Ethan started a new biologic this year, switching from Humira to Entyvio to control his Crohn’s disease. It seems to be very, very slowly working—I almost hate to be optimistic at this point. He has been throwing up less frequently the last month or so, that’s how we know it is working. His doctor told him he had three times the inflammation a normal person should have. My poor baby. He is bored, but he can’t concentrate on school or anything prolonged because he is still taking Tramadol to control the intense abdominal pain. Maybe he’ll be able to go back for his junior year the fall of 2022? That’s it for good stuff. Robert fell and broke his left arm, just below the shoulder implant, so he has been in a sling this month. Since he is so very sedentary, he’s been gaining weight. I have too, so we have that in common. I haven’t quite gained back all I’d lost, but pretty close.

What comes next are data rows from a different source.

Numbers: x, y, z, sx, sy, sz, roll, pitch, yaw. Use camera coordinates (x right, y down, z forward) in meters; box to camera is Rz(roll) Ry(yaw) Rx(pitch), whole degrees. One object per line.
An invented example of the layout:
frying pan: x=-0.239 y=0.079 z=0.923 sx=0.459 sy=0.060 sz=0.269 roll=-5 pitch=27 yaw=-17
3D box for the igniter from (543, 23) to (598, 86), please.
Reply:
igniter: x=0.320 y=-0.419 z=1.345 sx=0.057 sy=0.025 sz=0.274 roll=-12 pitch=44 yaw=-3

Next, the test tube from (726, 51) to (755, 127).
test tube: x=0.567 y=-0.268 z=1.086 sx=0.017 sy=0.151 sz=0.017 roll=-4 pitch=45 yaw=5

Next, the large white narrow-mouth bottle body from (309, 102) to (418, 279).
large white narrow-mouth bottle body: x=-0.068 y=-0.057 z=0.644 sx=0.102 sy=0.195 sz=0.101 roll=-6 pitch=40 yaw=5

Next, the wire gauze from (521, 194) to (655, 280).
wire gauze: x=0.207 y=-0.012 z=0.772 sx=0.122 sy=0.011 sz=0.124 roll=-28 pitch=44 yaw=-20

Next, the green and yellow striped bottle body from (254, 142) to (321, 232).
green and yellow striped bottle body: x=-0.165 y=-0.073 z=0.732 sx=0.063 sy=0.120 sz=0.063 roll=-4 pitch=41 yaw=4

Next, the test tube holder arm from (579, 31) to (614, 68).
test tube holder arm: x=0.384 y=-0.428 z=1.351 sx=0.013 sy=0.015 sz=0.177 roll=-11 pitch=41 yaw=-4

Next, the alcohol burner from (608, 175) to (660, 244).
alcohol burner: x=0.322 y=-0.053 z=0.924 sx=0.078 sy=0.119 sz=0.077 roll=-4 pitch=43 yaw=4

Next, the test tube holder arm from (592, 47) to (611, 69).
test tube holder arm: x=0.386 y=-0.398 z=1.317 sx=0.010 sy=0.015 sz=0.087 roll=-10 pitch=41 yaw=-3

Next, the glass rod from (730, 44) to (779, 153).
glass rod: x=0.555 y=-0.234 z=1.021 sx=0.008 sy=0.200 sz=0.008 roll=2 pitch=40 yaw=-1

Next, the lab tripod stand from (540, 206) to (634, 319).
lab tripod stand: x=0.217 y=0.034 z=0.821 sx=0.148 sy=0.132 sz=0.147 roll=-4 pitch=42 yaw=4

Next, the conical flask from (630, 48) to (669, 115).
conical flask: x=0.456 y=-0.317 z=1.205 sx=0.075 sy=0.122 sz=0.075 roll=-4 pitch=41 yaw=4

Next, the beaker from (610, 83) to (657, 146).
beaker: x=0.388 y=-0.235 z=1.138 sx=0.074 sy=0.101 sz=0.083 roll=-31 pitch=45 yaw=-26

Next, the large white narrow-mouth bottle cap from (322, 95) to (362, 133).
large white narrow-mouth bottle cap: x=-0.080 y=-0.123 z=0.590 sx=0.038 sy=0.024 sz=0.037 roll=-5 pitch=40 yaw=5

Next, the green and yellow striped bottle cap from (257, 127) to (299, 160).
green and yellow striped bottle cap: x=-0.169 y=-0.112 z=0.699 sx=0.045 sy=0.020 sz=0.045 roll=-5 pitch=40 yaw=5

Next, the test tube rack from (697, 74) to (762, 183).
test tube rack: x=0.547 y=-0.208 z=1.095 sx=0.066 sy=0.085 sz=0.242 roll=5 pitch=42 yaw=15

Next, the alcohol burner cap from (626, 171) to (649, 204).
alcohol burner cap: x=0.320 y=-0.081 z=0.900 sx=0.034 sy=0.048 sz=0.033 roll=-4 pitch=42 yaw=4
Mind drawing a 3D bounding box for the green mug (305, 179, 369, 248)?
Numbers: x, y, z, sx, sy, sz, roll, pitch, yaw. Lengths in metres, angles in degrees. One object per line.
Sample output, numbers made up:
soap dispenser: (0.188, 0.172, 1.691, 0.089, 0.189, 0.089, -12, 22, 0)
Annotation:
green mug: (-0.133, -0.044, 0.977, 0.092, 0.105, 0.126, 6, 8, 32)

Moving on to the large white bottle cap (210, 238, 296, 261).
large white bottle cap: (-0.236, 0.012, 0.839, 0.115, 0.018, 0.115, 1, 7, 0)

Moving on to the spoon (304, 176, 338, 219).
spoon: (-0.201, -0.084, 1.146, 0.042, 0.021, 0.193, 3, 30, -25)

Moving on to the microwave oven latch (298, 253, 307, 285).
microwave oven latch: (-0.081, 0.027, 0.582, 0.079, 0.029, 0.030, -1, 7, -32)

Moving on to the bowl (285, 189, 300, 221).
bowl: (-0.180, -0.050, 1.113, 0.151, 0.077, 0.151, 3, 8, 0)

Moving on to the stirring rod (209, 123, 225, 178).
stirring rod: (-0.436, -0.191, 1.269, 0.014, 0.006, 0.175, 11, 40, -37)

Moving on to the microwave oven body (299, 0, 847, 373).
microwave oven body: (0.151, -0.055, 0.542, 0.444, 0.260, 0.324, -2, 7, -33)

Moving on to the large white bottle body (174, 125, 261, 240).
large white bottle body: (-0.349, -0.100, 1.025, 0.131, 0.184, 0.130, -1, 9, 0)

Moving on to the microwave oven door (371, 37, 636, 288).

My new job is very sedentary.

 One other good thing I thought of—I joined a book club that meets once a month and am thinking of starting up yoga again.

Thursday, September 30, 2021

New Normal

 9/30/2021

The phrase "It's the New Normal" gets tossed around frequently these days. Hearing it always makes me smile a bit because normal is such a subjective term. I believe people use that term to help them resolve the cognitive dissonance created (largely) by the pandemic. Less so, by the political and social upheaval in the US. There has been so much NEW, so fast that our emotional, social, and physiological systems can't possibly keep up. That has certainly been the case in my life! I've decided that the "new" part of the phrase is OK, but society can keep the "normal" part. No such animal. 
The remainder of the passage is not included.